Çin, Güney Çin Denizi’ne özellikle ABD savaş gemilerinin girmesini egemenliğinin ihlal edilmesi olarak görüyor ve rahatsızlığını ifade ediyor.

Ayrıca son dönemde ABD’nin, NATO’nun alan-dışılık tanımına yeni yorum getirme çabaları ve Aralık 2019 başında gerçekleştirilen NATO zirvesinde Çin’e ilişkin açıklamalar Pekin yönetiminin “çevrelenme” bağlamında tehdit algısını artırdı.

Çin, birden fazla boğaz tarafından çevrelenmiş Güney Çin Denizi’nde Karadeniz’e benzer bir statü arayışında.

Diğer bir deyişle, Çin kendi güvenlik endişeleri bağlamında Güney Çin Denizi’ne kıyısı olmayan devletlerin -ABD- savaş gemilerinin girişini Montrö Boğazlar Sözleşmesi’ne benzer bir sözleşme ile sınırlama arayışı içerisinde.

Bu çerçevede de Montrö Boğazlar Sözleşmesi ile savaş gemilerinin girişi sınırlandırılmış bir Karadeniz, Çin’in Güney Çin Denizi politikası için uygun bir örnek teşkil ediyor. 


Özet olarak, Türk yetkililer her ne kadar Kanal İstanbul Projesi’nin Montrö Boğazlar Sözleşmesi’ni etkilemeyeceğini söylese de, uluslararası kamuoyunun bu konudaki şüpheleri henüz giderilmiş değil.

Dolayısıyla Rusya ile küresel düzeyde neredeyse her alanda ‘stratejik işbirliği’ içerisinde olan Çin’i,n birincil derecede çıkar alanı olmayan Karadeniz ve Türk Boğazları konusunda Rusya ile yakın bir pozisyonda olması sürpriz olmayacaktır.

Ayrıca Çin’in Karadeniz’deki gelişmeleri yakından takip ettiğini söylenebilir.

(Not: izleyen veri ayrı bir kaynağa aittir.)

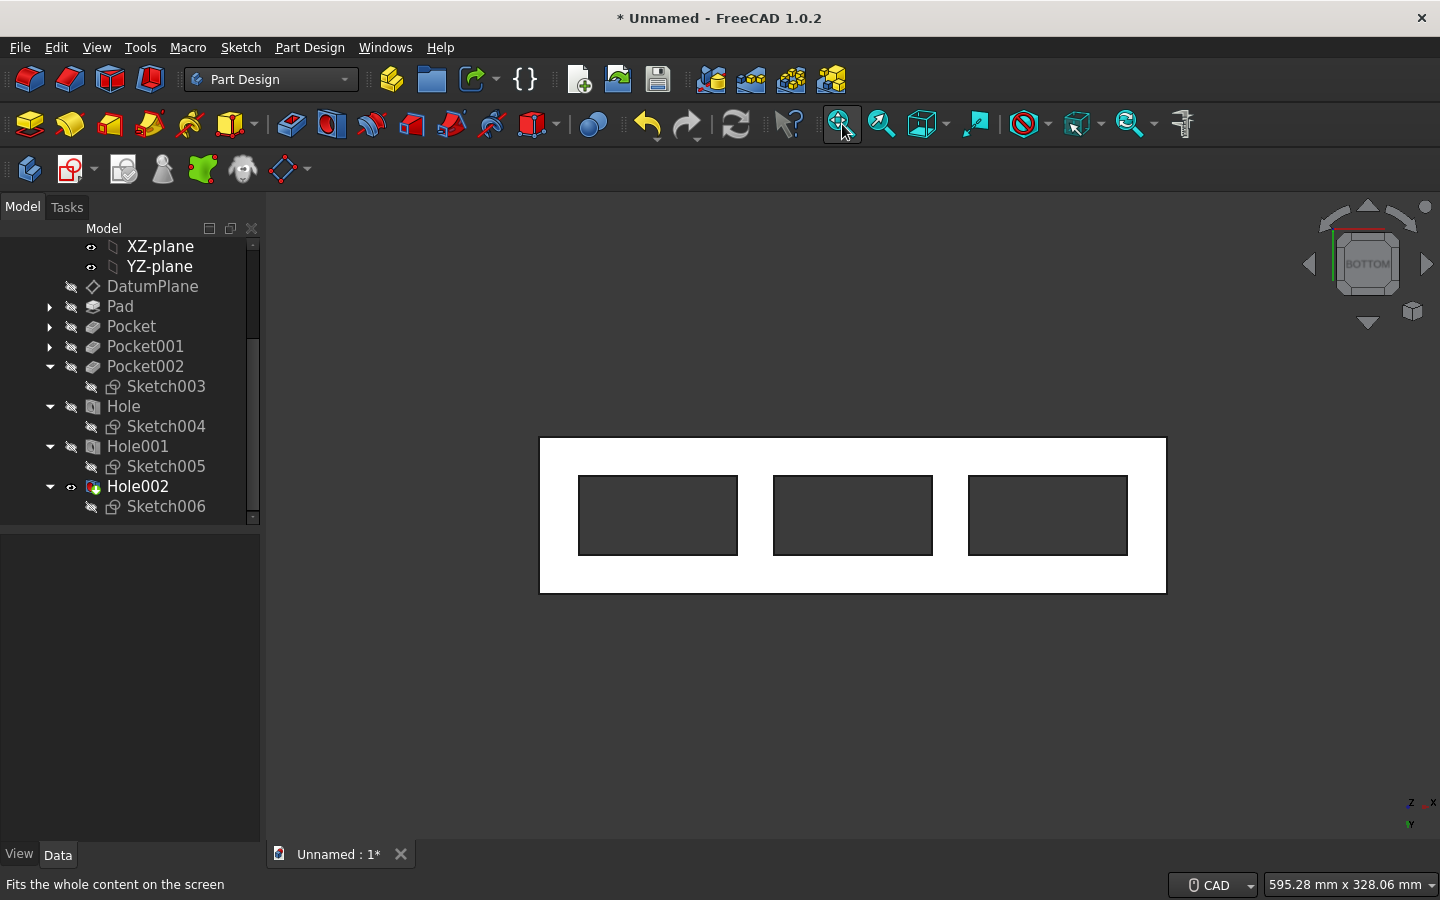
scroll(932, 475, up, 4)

Çin de Rusya’nın Karadeniz’deki politikasına benzer bir şekilde stratejik deniz yolu geçişi olan Güney Çin Denizi’nde kontrolünü artırmak ve savaş gemilerinin geçişini düzenlemenin yollarını arıyor.

Bu bağlamda Çin’in, Güney Çin Denizi’ne uluslararası hukuki çözüm arayışına uygun bir örneklem olan Montrö Boğazlar Sözleşmesi’ni olumsuz etkileyecek girişimlerden kaçınması beklenebilir.

 

 

* Bu makalede yer alan fikirler yazara aittir ve Independent Türkçe’nin editöryal politikasını yansıtmayabilir.